As I begin this, I beg Wes’ apology. I’m going out on a limb. Exploring an idea. Don’t hold it against, Wes, faithful readers.
I read an article (via Chris Sessums site) that was over my head earlier today. I’m still trying to puzzle through it. In the article, the following is cited and it caused my brain to go in another direction…like a rock-climber, painfully working his way up the side of rock when a piton gave way, I am spinning to the side hoping those pitons that are left will save me. You’ll have to decide that. Here’s the quote that captured my attention:
Learning, as constant becoming, is the work of nomads…Nomads must continuously readapt themselves to the open-ended world in which even the line of horizon may be affected by the changing conditions of wind, shifting sands or storms so that no single rule of knowing that would ever assist nomads in their navigations, perhaps only knowing how would (Semetsky 2004:447).

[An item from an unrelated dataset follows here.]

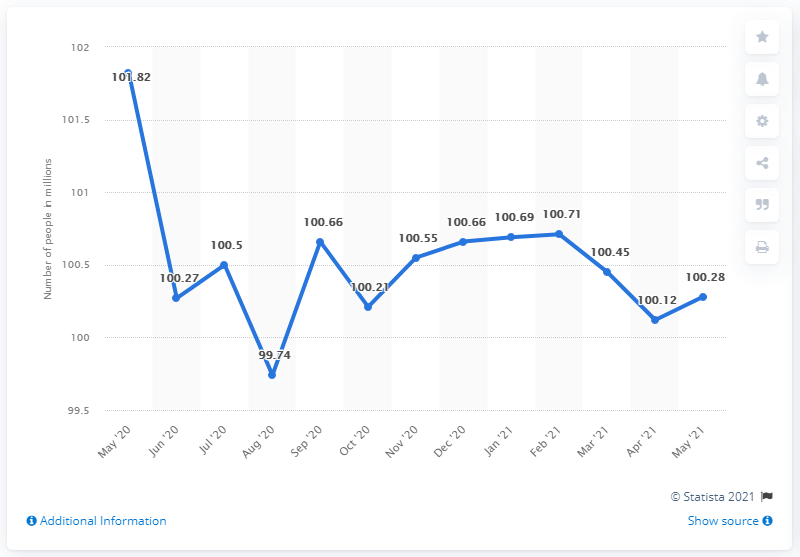Specify some key components in this picture. In May 2021, the number of people in the inactive labor force was 100.28 million. The leftmost value in a graph is often considered the peak value. The average of the two rightmost values is less than the value from March '21, indicating that the trend is not in favor of the Mar '21 value.

When you think of what we’re going through now, this doesn’t seem so far off. In fact, the idea of electronic bands of nomad learners, on an open-ended world is a powerful analogy. But, the analogy only goes so far. A far better one, IMHO, is that portrayed in WaterWorld. We are a surface people diving deep for knowledge and ideas, scratching out survival on the surface. Constant learning, while not critical to survival, is necessary to thrive. Like Kevin Costner’s character, those of us who blog have suddenly acquired the appropriate webbing to navigate an uncertain ocean. Like Dennis Hopper’s evil character, proprietary companies threaten our very existence, wanting our unique insights. Only by being daring and intrepid, unafraid of journeying into the depths, can we survive long enough to find a place we can thrive (“Dryland”), and gain a respite from oppression and persecution.

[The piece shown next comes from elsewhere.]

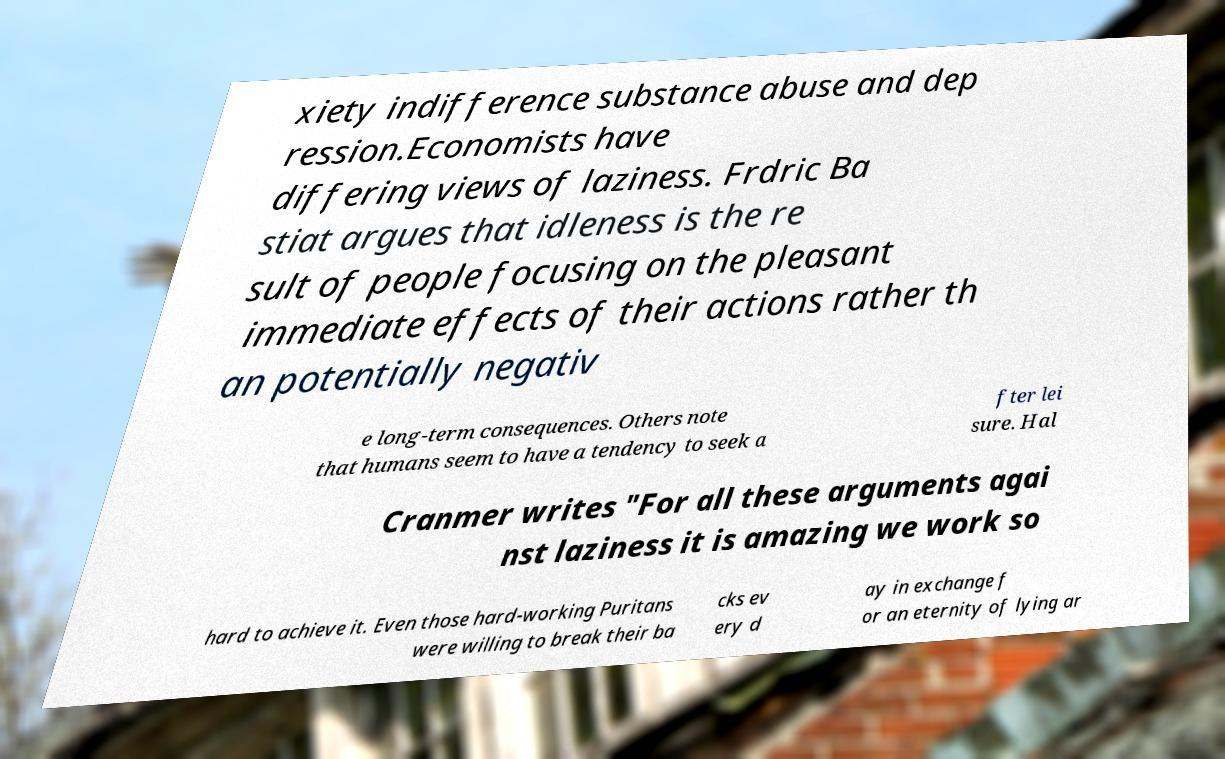Can you accurately transcribe the text from the provided image for me? xiety indifference substance abuse and dep ression.Economists have differing views of laziness. Frdric Ba stiat argues that idleness is the re sult of people focusing on the pleasant immediate effects of their actions rather th an potentially negativ e long-term consequences. Others note that humans seem to have a tendency to seek a fter lei sure. Hal Cranmer writes "For all these arguments agai nst laziness it is amazing we work so hard to achieve it. Even those hard-working Puritans were willing to break their ba cks ev ery d ay in exchange f or an eternity of lying ar

Nomads, or bloggers, whether on a desert of shifting sands or a sea of sustaining serendipitous contacts, we are learning again to continually re-adapt ourselves to an open-ended world. Perhaps, a nomadic existence beckons us from our long ago past…and until now, technology has not been able to accommodate us. After all, how many of us now lead nomadic lives, travelling from one shelter to the next, carrying our world (data) among our few belongings?
From Web 2.0 tools–such as Gliffy, Gabbly, FlickrLilli, and many other–we can see that being a nomad, constantly re-adapting ourselves in an ever-changing world is supportable…we can live off the land (or sea, depending on which analogy you look).
It requires what gapingvoid describes in this piece of art:
Sounds like hard work to me…it sure would be nice to let this one pass you by, but it’s life…and it’s coming fast. Are your kids ready?